Remember the mourning and outrage after the 9/11 attacks? Try reliving that every 10 weeks.

But wait. Everything I just told you is based off the assumption that Iraq’s population would be affected by a 9/11-sized attack in the same magnitude that the United States were affected. And that’s not the case. So let’s take a look at a few more numbers.

According to the U.S. Census Bureau, the U.S. population on April 1, 2000 was 281,421,906. To put it in a proportional perspective, the 9/11 attacks killed about one in every 100,000 people in America.

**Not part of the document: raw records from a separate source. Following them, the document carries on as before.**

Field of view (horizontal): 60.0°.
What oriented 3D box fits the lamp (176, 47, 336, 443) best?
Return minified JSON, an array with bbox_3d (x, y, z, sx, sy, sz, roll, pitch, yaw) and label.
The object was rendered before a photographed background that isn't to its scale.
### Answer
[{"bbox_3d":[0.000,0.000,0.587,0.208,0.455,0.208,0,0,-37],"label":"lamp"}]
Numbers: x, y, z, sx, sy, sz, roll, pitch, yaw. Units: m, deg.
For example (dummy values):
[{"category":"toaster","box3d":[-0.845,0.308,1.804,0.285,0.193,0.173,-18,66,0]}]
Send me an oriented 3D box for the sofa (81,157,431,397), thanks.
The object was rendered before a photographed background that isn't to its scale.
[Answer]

In contrast, the population of Iraq in July 2002 (CIA World Factbook’s most recent estimate before the start of the Iraq War) was 24,001,816. So a 9/11-sized attack — 2,975 deaths — kills about one in every 8,000 people in Iraq.

Just stay with me a little longer here — I promise this is going somewhere important.

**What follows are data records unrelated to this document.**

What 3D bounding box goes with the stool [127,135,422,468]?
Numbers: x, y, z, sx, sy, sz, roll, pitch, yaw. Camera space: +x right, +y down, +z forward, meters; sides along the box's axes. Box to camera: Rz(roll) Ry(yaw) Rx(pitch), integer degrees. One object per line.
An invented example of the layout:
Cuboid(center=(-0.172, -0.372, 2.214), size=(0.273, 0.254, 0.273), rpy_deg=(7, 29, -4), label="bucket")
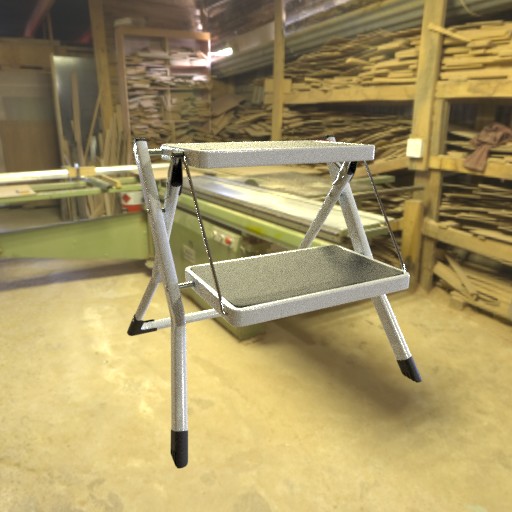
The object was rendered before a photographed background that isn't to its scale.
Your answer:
Cuboid(center=(0.000, 0.000, 0.858), size=(0.485, 0.445, 0.490), rpy_deg=(-9, 19, -26), label="stool")
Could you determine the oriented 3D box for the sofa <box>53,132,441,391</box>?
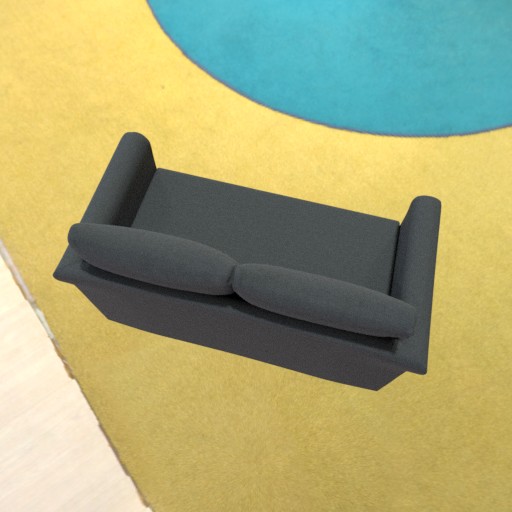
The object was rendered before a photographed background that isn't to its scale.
[{"bbox_3d":[0.000,0.000,1.967,1.460,0.872,0.741,14,65,6],"label":"sofa"}]

To proportionally achieve the same effect in Iraq that the 9/11 attacks had on the American population, 254 Iraqis need to die. Only 254 dead Iraqis, and you have a void proportionally equal to the one 9/11 left in America.

So let’s crunch those numbers from before again.

At this point in the war, 91,466 dead Iraqi civilians — from the most conservative estimate — divided by 254 dead Iraqi civilians to equal an attack proportional to 9/11. That comes out to 360. Proportionally, we have inflicted a 9/11 attack-sized loss on Iraq 360 times over the span of the war, from March 2003 to April 2009. If the war had taken place over the span of one year, that would be a 9/11 almost every day.

But the war hasn’t taken place over the span of a year. It’s been slightly over six years.

So what’s the actual frequency with which the United States is inflicting 9/11-sized attacks upon Iraq?

Once every 6.2 days. That’s more than one per week.

In this war, the United States is giving Iraq an attack proportionally equal to 9/11 more frequently than once a week.

Now imagine how you would deal with that.

How are nations supposed to respond when we inflict this destruction upon them?

How did we respond?

I told you we would come back to those 9/11 feelings. Just think. Think about how wronged you felt. No matter the nation, that outrage you feel? It’s justified.

We have a tangible reminder of the human costs of war in our country. The lift of the ban on media coverage of the returning dead means that we can see the American men and women this war has killed. But what will remind us of the Iraqi lives lost?

Think about all the numbers I just gave you. Now let them be more than numbers. The Iraqi civilians killed in this “War on Terror,” just like the men and women killed in America on Sept. 11, 2001, are not just statistics rattled off on the nightly news. They are human beings — lives lost.

 — Jessica Opoien is a freshman in pre-journalism and mass communication from Marinette, Wis.